C. The Claim That Counsel Was Ineffective in Not Moving to Suppress the Evidence Seized From Defendant's House

Defendant's second claim is that counsel was ineffective in failing to file a motion to suppress the evidence seized from Defendant's house. Defendant argues the search warrant violated the Fourth Amendment in the following ways: (1) the warrant was defective because it named the address of the place to be searched as being in Jonestown Borough when Defendant's residence was in Swatara Township; (2) the application for the warrant stated that an internet account in Defendant's name was accessing the internet from locations in Jonestown Borough when Defendant never accessed the internet from that Borough or used a computer or had property in Jonestown Borough; (3) police lied or acted recklessly by asserting on the warrant application that Defendant had said in January 2006 that his residence was in Jonestown Borough when Defendant actually said his residence was in Mount Carmel Borough; (4) the warrant's description of the residence to be searched was not a description of his residence; (5) the Pennsylvania magisterial district judge who approved the warrant failed to act in a neutral and detached manner because of the nature of the charges; and (6) the warrant application lacked a showing of probable cause.

Defendant's first argument lacks merit, and to show that we must address the fourth argument at this time. The fourth argument is that the warrant's description of the residence to be searched was not a description of Defendant's residence. The warrant described Defendant's house as follows: "Wooden ranch style home with tan vinyl siding, green shutters and door with an exposed garage undernieth (sic) the residence known as 30 Middle Avenue, Jonestown, PA 17038, Jonestown Borough, Lebanon County." (Doc. 107-1, ECF p. 9, search warrant and application). Defendant says this description is wrong by comparing it to a description apparently made by a real estate company for the purpose of selling the house. We will not quote the latter description. (Doc. 111, ECF p. 2 ¶ G). It naturally provides greater detail than the description in the warrant, but the latter description is consistent with the warrant's - both describe a ranch-style house with tan (or taupe) siding, green shutters, and a garage underneath (or at street level). We thus disagree with Defendant that the warrant description is not of the same house.

Returning to the first argument, we note that Defendant concedes that 30 Middle Avenue is correct, but argues that the reference to Jonestown Borough is improper because his residence is physically in Swatara Township. In opposition, the government points out that, while Defendant's residence may be in Swatara Township, the warrant used Jonestown Borough because Jonestown is his mailing address, and the use of the mailing address was proper because it would lead to the residence.

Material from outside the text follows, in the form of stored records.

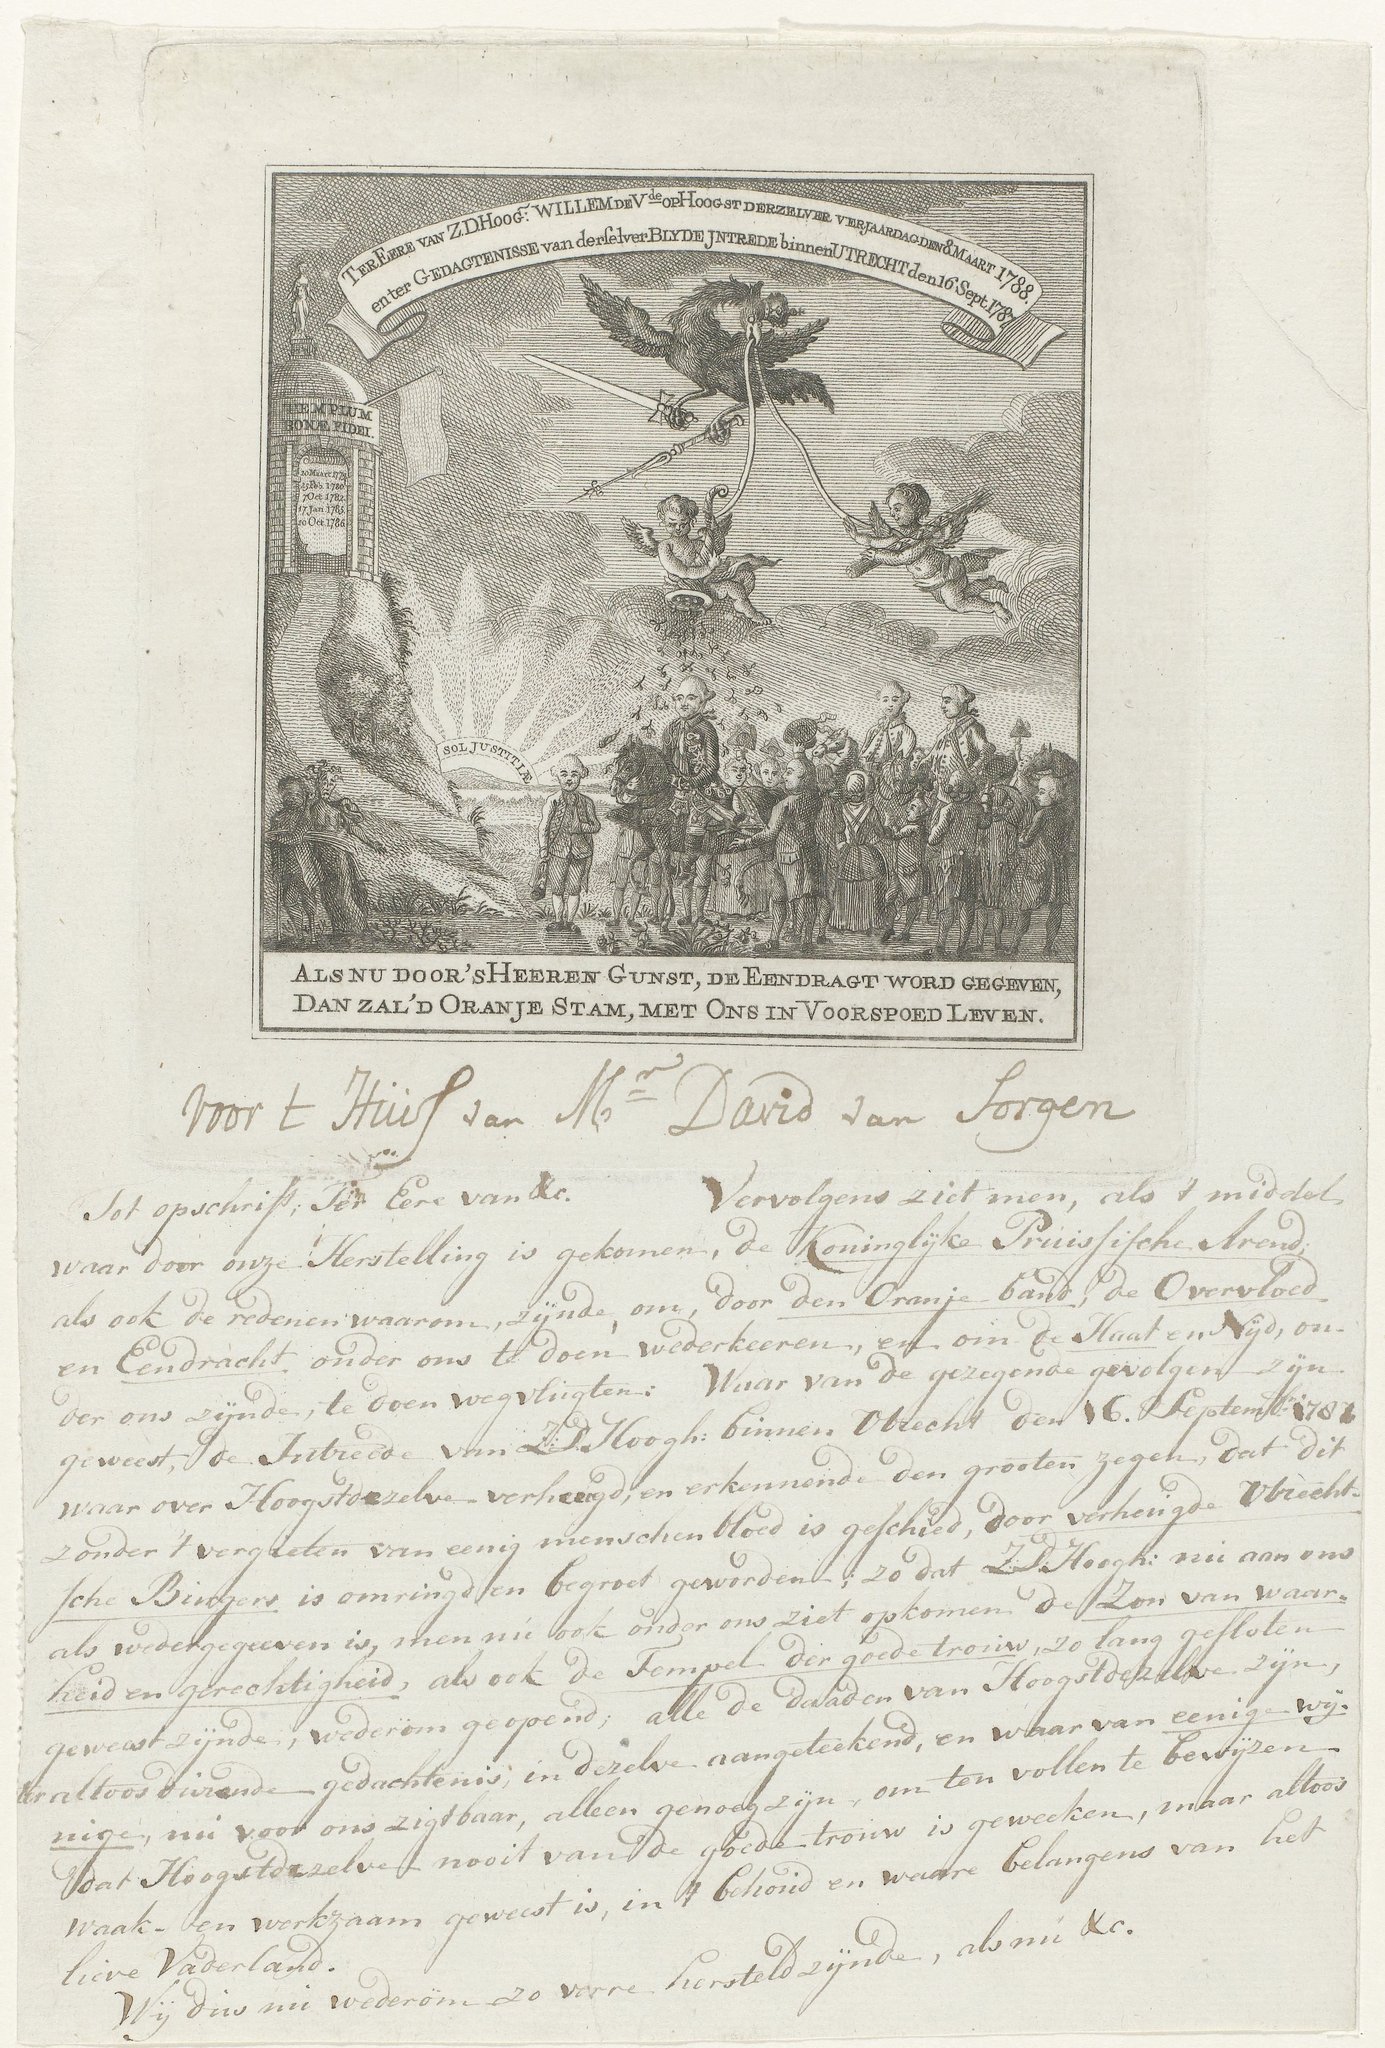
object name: print
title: Chassinet met allegorie op de verjaardag van de prins in 1788 en zijn intocht te Utrecht in 1787
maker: Anonymous
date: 1788
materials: paper
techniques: engraving, etching, writing
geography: northern netherlands
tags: the hague, william v (prince of orange), utrecht
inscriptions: collector's mark: Lugt 2228
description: Chassinet met allegorie ter gelegenheid van de veertigste verjaardag van prins Willem V op 8 maart 1788 en ter nagedachtenis aan de intocht van de prins te Utrecht op 16 september 1787. Dit chassinet was onderdeel van de illuminatie van het huis van mr. David van Sorgen te Utrecht. Met tweeregelig onderschrift. Op het blad onder de plaat een lange handgeschreven beschrijving van de voorstelling.

We agree with the government. The Fourth Amendment requires that warrants particularly describe the place to be searched, but "it is enough if the description is such that the officer with a search warrant can, with reasonable effort ascertain and identify the place intended.'" United States v. Bedford, 519 F.2d 650, 655 (3d Cir. 1975)(quoting Steele v. United States, 267 U.S. 498, 503, 45 S.Ct. 414, 416, 69 L.Ed. 757 (1925)). "The standard... is one of practical accuracy rather than technical nicety.'" Id. (quoted case omitted). See also United States v. May, 87 F.Appx. 223, 226 (3d Cir. 2003)(nonprecedential).

It is thus unnecessary for a warrant to provide the geographical location of the place to be searched if the description is otherwise sufficient to identify that place. Here, the mailing address was probably sufficient by itself as it would lead to Defendant's residence, regardless of whether the house was physically in Swatara Township. In any event, the warrant also adequately described the house and provided Defendant's name as the owner or occupier. (Doc. 107-1, ECF p. 9). In these circumstances, Defendant's first argument fails. See United States v. Biles, 100 F.Appx. 484, 490-91 (6th Cir. 2004)(nonprecedential)(search warrant that named the wrong city and placed the house on the wrong part of the street was not invalid when it adequately described the house, named the house's owner, and sufficiently described the location of the house relative to other landmarks).

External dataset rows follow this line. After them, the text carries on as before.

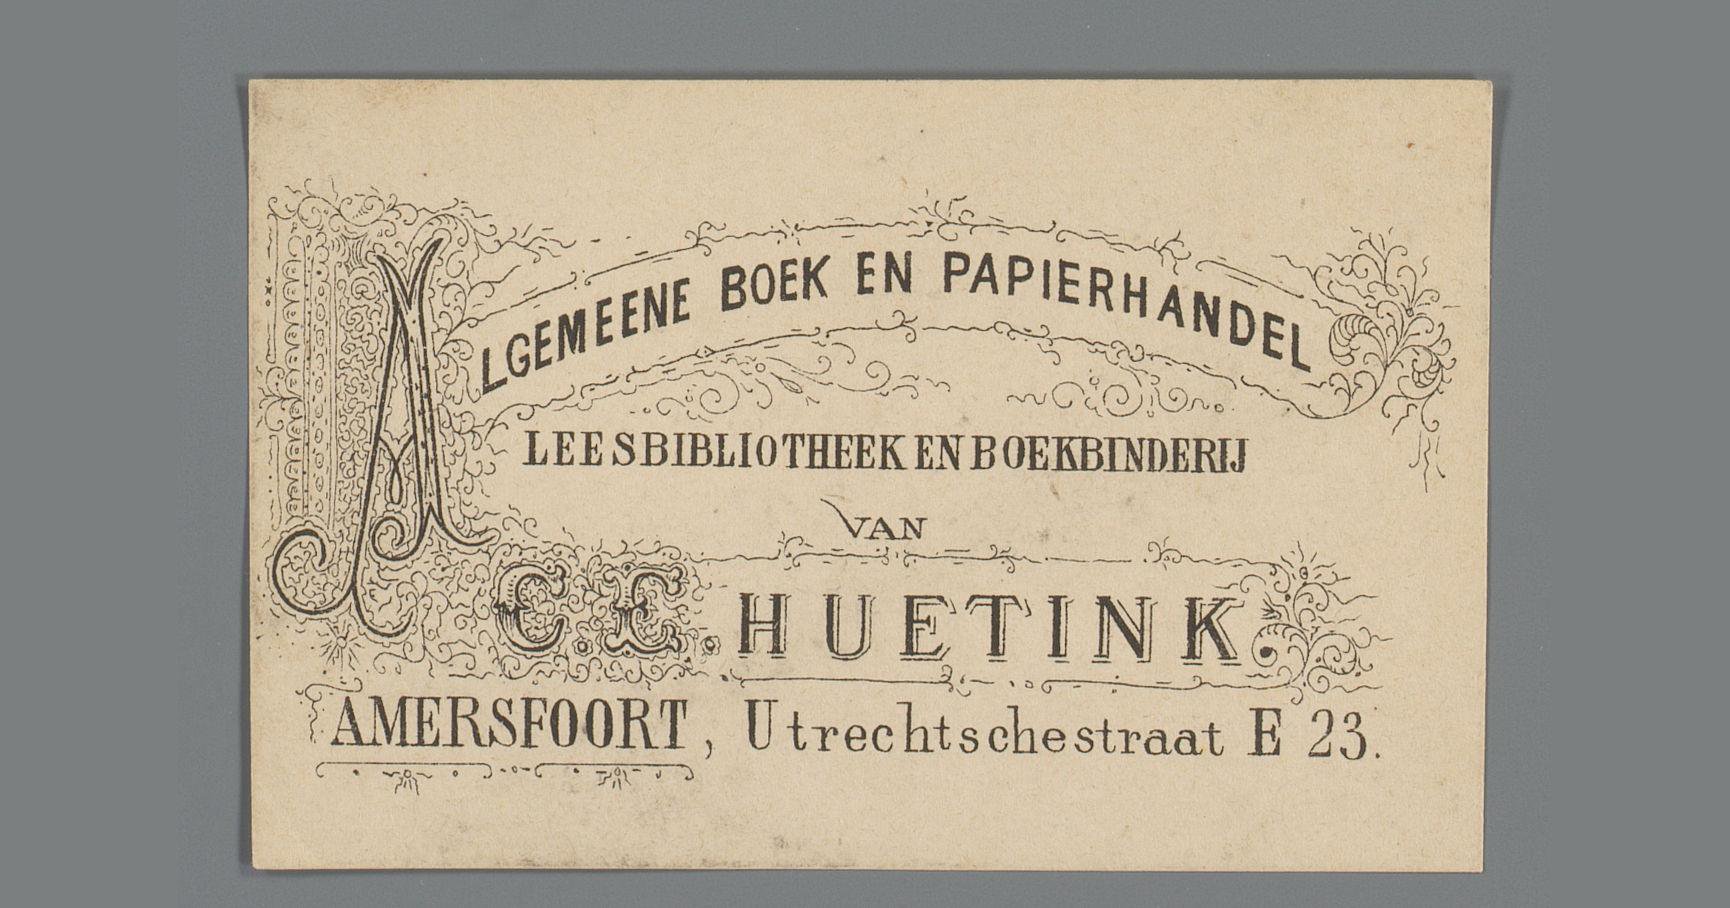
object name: photomechanical print
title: Adreskaart van boek- en papierhandel, leesbibliotheek en boekbinderij C.E. Huetink in Amersfoort
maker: Anonymous
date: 1830-1900
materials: paper
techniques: printing block
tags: initial, printed matter
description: Typografische kaart met middeleeuws aandoende penwerk decoratie rond de letters A, C en E.

Defendant's second argument can be disposed of on the basis that it is factually inaccurate. Defendant argues the application for the warrant stated that an internet account in Defendant's name was accessing the internet from locations in Jonestown Borough when Defendant never accessed the internet from that Borough or used a computer or had property in Jonestown Borough. However, a review of the warrant application shows that it makes no such allegation, only that the computer with the child pornography on it could be traced back to Defendant's Middle Avenue mailing address in Jonestown. This argument is just a variation on Defendant's meritless argument that the warrant had to identify the actual municipality of the residence.

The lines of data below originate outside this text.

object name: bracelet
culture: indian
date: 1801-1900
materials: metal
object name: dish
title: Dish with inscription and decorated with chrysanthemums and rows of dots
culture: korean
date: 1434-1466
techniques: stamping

In his third argument, Defendant asserts the police lied or acted recklessly by alleging on the warrant application that Defendant had said in January 2006 that his residence was in Jonestown Borough when Defendant actually said his residence was in Mount Carmel Borough. According to Defendant, the allegation concerning Defendant's residence arose from a January 2006 conversation Defendant had with a Pennsylvania State Trooper about obtaining a lethal-weapons certificate. (Doc. 11, ECF p. 3). Defendant represents that during this conversation he said his address was in Mount Carmel Borough, although he "also maintain[ed] a second home nearby where my family is right now...." ( Id. ). In the affidavit of probable cause, the affiant officer "verified that Blaine R. Handerhan lives at 30 Middle Avenue, Jonestown, PA 17038 when he responded to the State Police barracks in Jonestown on 01-16-2006 for fingerprinting relative to a Private Investigators License he was applying for." ( Id. ).

A defendant can "challenge the truthfulness of factual statements made in an affidavit of probable cause supporting a warrant...." United States v. Yusuf, 461 F.3d 374, 383 (3d Cir. 2006). If the affidavit contains a false statement that was knowingly or recklessly made, the defendant must still show that the statement was material to the original showing of probable cause. Id.

In light of this standard, Defendant's third argument lacks merit. As the government argues, even if we assume Defendant can show that the statement was false and made knowingly or recklessly, the rest of the affidavit is sufficient to establish probable cause. The affidavit affirms that a detective from Delaware County, Pennsylvania, was able to download child pornography by way of a file-sharing program from a computer with a particular IP address. Further investigation with the internet service provider revealed that Blaine R. Handerhan with an address at 30 Middle Avenue, Jonestown, Pennsylvania, was the customer with that IP address. The white pages telephone directory also indicated that Defendant was at that street address. (Doc. 107-1, ECF p. 21). This is sufficient probable cause absent the allegation that the affiant had verified that Defendant lived at the Middle Avenue address.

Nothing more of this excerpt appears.